И еще кое-что нужно было выяснить наверняка.

– Вот уж не ожидал! – узнав его, Кенек чуть ослабил напор. Но удивление на его лице уже в следующий миг сменилось едва сдерживаемой яростью. – Ты что здесь делаешь?

– Кен, ты давеча говорил, что «халупа хозяевам без надобности». Значит, Мажел и Нарех, они?.. – Деян не смог заставить себя сказать «погибли».

Глаза Кенека налились кровью и, казалось, могли выскочить из орбит.

– Я спросил. Что. Ты. Здесь. Делаешь?

– Это я желаю знать, что ты среди ночи делаешь в моем доме, Кенек Пабал. – Голос Эльмы звучал так нарочито спокойно, что не приходилось сомневаться: внутри себя она дрожит от страха. – И что за сброд ты привел с собой?

– Нехорошо. Надо бы повежливей с гостями, красавица, – хмыкнул мужик с перевязанной головой.

Деян был с ним почти согласен.

«Глупо, Серая. Или ты надеешься, что, если разозлить их, они покончат с тобой прежде, чем надругаются? Тоже глупо. Нужно было спасаться, пока был шанс».

Но, хотя бегать Эльма могла быстрее зайца, убегать она не умела вовсе.

– Они… Это мои товарищи, Эл, – Кенек выпрямился, отодвинув от груди Деяна ружье, и покосился на своих спутников. Голос его теперь звучал едва ли не смущенно. – Мы служили вместе… раньше.

Деян попытался подняться, но кто-то из «товарищей» метко пнул его под ребра, и он вновь повалился на пол, вскрикнув от резкой от боли. Эльма встревоженно взглянула в его сторону; Деян жестом поспешил показать ей, что цел и невредим.

– Новые товарищи, да, Кен? – нахмурившись, спросила Эльма. – Что же случилось с прежними?

– Их больше нет, – просто ответил тот.

– III –

– Что? – глупо переспросила Эльма.

– Навоевались, отвоевались, достались червякам и воронам!
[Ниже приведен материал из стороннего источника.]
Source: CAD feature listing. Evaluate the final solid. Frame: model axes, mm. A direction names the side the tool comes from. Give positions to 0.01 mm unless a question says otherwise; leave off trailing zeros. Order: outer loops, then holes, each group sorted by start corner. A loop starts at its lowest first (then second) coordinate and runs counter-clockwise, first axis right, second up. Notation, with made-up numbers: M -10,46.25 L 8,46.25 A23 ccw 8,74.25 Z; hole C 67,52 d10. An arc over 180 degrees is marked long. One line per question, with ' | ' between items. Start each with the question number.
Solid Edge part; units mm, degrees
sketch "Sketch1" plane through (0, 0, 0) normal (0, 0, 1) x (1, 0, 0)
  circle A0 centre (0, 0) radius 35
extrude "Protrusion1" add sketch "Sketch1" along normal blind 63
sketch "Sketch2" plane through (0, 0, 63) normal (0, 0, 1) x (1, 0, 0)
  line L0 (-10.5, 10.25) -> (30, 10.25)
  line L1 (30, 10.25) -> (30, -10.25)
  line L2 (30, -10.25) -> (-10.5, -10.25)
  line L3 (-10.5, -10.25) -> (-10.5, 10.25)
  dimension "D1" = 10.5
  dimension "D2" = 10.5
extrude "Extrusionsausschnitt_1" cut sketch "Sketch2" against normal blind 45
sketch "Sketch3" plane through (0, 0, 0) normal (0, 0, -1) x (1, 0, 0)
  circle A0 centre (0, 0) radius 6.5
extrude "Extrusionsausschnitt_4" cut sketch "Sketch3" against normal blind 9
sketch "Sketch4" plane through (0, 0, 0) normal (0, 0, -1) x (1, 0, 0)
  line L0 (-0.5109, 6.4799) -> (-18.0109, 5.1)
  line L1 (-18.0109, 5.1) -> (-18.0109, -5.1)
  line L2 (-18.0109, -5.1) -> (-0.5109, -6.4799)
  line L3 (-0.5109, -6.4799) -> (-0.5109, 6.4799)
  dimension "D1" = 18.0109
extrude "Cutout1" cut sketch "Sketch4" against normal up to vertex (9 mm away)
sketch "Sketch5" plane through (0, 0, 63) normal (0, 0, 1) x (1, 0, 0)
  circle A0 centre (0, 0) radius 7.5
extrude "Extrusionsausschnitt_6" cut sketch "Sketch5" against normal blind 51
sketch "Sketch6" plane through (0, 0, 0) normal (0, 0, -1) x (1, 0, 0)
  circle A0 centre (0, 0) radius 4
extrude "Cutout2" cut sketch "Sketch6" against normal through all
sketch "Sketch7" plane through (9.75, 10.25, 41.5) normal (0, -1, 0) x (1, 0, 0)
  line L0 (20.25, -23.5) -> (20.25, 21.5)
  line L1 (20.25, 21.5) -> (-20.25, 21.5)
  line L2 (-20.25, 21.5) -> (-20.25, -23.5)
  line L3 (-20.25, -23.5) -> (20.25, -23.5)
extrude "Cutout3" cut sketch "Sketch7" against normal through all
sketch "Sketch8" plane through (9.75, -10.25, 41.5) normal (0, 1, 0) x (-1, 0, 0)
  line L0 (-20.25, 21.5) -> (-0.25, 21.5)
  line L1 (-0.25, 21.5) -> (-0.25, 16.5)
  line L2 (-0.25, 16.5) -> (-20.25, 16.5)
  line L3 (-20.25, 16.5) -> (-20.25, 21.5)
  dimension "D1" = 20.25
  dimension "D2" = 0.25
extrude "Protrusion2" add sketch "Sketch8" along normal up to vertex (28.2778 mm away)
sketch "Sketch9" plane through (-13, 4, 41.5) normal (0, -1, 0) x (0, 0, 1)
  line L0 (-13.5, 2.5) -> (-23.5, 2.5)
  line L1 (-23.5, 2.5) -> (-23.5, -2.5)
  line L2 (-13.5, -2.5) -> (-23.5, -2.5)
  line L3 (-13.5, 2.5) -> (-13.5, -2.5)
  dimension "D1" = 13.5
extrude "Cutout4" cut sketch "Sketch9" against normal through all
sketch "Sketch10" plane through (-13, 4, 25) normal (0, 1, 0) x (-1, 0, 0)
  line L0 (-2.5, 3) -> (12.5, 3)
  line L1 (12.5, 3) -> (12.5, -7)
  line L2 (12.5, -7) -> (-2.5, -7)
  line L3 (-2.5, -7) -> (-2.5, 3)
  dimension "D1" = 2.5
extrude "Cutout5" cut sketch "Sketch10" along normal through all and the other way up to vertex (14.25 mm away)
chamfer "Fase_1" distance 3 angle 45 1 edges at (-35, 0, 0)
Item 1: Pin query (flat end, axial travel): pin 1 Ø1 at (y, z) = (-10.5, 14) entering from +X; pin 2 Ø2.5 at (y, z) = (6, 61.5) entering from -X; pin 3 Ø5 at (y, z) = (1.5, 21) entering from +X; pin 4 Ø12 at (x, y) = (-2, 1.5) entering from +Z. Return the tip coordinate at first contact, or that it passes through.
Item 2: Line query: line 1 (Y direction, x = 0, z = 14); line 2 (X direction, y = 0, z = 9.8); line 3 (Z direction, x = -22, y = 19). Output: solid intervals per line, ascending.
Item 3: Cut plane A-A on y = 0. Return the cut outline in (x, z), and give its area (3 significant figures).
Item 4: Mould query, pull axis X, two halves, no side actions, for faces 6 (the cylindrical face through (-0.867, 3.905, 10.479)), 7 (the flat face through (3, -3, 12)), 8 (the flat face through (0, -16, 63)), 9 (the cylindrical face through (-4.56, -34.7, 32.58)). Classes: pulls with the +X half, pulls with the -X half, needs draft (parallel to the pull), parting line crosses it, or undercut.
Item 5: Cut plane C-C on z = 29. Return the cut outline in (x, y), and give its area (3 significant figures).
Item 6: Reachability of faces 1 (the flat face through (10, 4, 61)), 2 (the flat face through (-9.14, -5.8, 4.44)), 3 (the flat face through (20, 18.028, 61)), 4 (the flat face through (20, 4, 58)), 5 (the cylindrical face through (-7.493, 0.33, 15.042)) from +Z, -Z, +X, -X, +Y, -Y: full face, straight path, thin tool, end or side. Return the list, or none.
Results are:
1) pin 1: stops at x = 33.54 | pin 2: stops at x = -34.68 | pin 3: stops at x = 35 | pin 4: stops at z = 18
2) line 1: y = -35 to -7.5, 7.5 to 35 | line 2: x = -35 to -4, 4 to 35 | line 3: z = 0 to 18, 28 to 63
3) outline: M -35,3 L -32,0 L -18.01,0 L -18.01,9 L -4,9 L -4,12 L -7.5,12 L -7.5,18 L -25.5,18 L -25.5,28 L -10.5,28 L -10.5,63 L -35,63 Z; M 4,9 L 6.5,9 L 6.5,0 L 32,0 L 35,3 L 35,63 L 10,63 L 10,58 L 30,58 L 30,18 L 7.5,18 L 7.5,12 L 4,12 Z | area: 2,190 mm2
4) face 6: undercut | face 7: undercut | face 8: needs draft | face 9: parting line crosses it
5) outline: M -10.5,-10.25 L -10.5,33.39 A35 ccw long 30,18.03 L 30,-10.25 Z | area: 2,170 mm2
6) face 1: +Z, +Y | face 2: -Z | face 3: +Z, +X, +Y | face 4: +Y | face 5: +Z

Барм, Халек, Изан, Мажел, Нарех, Вахек – никого из них нет больше! – В басе Кенека прорезались по-бабьи визгливые нотки. – Кому свезло – тех нашпиговали свинцом, насадили на штыки, поджарили колдовством. Им еще повезло, да! Тем, кто не подыхал от заразы в ранах, не выл по три дня в госпитале, не изошел кровавым поносам, как Хал. Они все теперь кормят червей. Все!
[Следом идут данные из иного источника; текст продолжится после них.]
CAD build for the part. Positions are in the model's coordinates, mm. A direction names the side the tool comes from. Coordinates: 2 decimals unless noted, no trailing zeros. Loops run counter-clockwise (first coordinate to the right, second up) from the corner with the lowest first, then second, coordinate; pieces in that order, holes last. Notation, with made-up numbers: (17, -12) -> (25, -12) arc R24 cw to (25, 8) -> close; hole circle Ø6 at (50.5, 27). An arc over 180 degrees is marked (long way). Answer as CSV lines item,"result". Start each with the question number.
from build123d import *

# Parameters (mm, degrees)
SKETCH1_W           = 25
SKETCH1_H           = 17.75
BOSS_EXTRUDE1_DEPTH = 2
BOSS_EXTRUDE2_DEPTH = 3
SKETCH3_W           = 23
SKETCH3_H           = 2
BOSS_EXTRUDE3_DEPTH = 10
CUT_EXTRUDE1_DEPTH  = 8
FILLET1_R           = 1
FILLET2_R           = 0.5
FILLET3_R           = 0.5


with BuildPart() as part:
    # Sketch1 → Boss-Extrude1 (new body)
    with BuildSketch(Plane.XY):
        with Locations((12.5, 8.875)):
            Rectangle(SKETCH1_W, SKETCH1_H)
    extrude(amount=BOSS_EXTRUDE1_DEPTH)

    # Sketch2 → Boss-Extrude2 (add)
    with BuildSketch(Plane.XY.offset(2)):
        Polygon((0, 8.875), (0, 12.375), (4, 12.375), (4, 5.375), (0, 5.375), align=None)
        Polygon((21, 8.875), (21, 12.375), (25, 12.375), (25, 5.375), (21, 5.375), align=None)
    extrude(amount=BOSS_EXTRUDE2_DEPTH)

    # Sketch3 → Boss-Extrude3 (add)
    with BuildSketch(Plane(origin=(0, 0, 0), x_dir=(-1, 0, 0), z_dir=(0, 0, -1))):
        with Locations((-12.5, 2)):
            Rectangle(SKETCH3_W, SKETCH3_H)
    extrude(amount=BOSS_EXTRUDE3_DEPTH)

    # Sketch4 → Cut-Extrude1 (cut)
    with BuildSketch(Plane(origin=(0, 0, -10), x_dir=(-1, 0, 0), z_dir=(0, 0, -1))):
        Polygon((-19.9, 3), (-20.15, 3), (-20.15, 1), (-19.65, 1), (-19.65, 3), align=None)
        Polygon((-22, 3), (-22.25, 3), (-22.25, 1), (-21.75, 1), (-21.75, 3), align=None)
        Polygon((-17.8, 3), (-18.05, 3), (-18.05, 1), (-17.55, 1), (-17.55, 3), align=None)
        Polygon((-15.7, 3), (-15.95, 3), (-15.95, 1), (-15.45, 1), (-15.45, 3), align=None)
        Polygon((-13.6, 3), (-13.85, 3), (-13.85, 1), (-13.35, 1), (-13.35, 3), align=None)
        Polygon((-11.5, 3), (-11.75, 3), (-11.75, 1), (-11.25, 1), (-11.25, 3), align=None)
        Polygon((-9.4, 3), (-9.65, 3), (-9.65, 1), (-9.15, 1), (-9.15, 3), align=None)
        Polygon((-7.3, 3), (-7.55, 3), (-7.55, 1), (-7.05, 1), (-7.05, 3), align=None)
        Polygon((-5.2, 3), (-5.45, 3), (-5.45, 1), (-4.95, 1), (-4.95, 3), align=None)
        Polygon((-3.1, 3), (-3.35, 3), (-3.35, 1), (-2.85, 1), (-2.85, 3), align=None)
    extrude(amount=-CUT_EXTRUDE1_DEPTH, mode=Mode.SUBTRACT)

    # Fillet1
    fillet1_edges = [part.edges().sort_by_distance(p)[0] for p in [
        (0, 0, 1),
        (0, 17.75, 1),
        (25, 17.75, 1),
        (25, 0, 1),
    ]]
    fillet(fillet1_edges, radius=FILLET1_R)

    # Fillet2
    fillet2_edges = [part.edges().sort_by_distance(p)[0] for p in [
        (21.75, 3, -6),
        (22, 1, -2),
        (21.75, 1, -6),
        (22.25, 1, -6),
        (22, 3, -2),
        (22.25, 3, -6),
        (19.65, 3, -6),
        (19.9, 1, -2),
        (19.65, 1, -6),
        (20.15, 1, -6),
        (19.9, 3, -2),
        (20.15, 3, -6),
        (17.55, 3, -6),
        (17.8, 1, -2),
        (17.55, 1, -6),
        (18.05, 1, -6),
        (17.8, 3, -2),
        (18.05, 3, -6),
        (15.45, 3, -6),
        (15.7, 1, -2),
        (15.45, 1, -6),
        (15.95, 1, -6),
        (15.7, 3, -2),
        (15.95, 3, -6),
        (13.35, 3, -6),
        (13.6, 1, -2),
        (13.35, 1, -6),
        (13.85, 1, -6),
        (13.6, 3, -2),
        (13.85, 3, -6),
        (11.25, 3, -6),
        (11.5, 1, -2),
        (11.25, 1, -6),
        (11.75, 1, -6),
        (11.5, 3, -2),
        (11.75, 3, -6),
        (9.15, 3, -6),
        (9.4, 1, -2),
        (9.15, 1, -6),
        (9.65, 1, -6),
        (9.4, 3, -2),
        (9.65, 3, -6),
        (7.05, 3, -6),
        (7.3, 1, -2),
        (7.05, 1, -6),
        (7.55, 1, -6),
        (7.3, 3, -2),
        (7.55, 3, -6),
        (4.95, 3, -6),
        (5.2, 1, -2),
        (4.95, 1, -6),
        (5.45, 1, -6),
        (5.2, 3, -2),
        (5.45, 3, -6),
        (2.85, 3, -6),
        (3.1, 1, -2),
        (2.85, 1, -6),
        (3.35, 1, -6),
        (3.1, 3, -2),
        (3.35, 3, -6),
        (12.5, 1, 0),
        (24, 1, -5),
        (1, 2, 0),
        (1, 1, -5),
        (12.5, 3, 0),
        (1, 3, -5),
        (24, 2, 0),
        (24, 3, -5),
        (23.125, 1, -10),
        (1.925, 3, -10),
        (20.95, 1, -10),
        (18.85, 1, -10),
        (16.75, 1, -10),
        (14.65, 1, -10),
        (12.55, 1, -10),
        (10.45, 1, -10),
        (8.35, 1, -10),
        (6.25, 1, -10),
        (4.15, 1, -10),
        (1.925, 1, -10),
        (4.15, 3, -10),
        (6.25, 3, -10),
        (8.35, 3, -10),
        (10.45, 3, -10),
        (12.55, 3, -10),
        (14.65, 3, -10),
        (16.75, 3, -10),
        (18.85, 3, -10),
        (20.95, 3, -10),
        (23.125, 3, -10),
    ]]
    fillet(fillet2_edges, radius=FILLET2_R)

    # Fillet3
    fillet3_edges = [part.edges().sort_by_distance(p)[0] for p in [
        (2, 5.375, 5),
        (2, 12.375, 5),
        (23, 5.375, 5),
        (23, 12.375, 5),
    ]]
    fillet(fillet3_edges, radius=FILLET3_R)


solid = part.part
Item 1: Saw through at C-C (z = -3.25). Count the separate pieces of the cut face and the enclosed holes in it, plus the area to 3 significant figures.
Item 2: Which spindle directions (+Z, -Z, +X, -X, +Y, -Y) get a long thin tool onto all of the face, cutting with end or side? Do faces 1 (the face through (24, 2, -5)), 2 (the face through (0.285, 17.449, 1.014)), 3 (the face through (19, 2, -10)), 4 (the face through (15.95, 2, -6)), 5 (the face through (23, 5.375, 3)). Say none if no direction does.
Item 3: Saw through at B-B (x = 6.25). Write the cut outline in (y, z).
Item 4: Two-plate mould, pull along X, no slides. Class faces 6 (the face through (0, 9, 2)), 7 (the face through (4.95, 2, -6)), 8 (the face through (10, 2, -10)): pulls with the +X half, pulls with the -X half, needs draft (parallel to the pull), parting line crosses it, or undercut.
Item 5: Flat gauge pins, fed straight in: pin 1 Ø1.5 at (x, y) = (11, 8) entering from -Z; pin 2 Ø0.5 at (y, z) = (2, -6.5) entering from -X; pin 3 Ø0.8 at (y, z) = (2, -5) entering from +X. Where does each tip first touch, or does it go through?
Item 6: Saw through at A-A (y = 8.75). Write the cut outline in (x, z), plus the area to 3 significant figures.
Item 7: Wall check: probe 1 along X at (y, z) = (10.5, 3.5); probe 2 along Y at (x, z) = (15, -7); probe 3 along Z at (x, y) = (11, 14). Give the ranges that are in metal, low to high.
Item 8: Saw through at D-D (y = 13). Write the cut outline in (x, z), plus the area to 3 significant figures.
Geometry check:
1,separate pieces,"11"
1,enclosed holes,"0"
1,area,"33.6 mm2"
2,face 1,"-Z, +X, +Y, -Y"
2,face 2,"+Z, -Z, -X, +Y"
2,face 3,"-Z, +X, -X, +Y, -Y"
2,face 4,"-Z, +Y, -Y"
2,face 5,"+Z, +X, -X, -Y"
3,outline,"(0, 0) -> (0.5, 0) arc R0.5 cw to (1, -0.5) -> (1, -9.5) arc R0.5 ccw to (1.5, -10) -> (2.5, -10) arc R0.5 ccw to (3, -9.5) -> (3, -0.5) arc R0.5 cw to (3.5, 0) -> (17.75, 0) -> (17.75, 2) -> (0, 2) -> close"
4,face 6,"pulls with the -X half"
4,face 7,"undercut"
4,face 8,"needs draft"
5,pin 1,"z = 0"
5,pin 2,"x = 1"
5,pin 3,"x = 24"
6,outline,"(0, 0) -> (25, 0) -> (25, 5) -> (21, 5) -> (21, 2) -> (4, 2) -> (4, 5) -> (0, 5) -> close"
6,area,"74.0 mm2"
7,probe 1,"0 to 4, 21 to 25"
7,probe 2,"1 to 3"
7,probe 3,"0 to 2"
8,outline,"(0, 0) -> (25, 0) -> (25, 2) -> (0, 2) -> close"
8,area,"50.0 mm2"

– Мой брат? – глухо спросила Эльма. Если ее прежняя напускная твердость и могла кого-то обмануть, то сейчас страх и растерянность, гнев, отчаяние – все проступило в ее голосе.

– Когда мы уходили, Петер был жив, – помедлив, с видимой неохотой ответил Кенек. – Мы звали его уйти с нами, но…

– Да-да. Наш дорогой сержант! – перебив Кенека, рыжебородый мужчина в рваной куртке на голое тело вышел на середину комнаты. – Ну, сейчас-то сержант, как пить дать, уже в земле гниет. Бравый, сметливый, честный служака Петер. – Голос рыжебородого так и сочился ядом. – Который любит пошептаться с капитаном.

– Он нас выдал. Из-за него пришлось прорываться силой. – Мужчина с перевязанной головой прошел следом. Говорил он тихо и вкрадчиво, но звучало это куда страшнее, чем крики Кенека. – Мы с Барулом потеряли четверых друзей. Потому заслуживаем хорошей награды, как думаешь, красавица?

– Твой брат – дурак с навозом в голове! – заорал Кенек. – Отступаем с весны, не сегодня-завтра все в землю ляжем, а ему дальше воевать охота… Война! – он разразился потоком ругательств. – Можешь себе представить, как мы воевали, ты, женщина? Не можешь! Два дня без продыху месишь грязь, тайком жуешь ремень, душу отдать готов за плесневелый сухарь. А потом приходит приказ, и ты плетешься обратно, от усталости имени своего не помнишь, но оно тебе больше и нужно: к исходу второго дня вываливают из-за пригорка синезнаменные и палят в тебя из ружей, насаживают на пики, как свиней на вертела, давят лошадьми! А сверху жарят молнии, дождик до костей прожигает: колдуны плевать хотели, сколько своей пехоты вместе с чужой поляжет, они даже конницу не шибко берегут. И ты снова бежишь; даже радоваться, что жив, сил нет…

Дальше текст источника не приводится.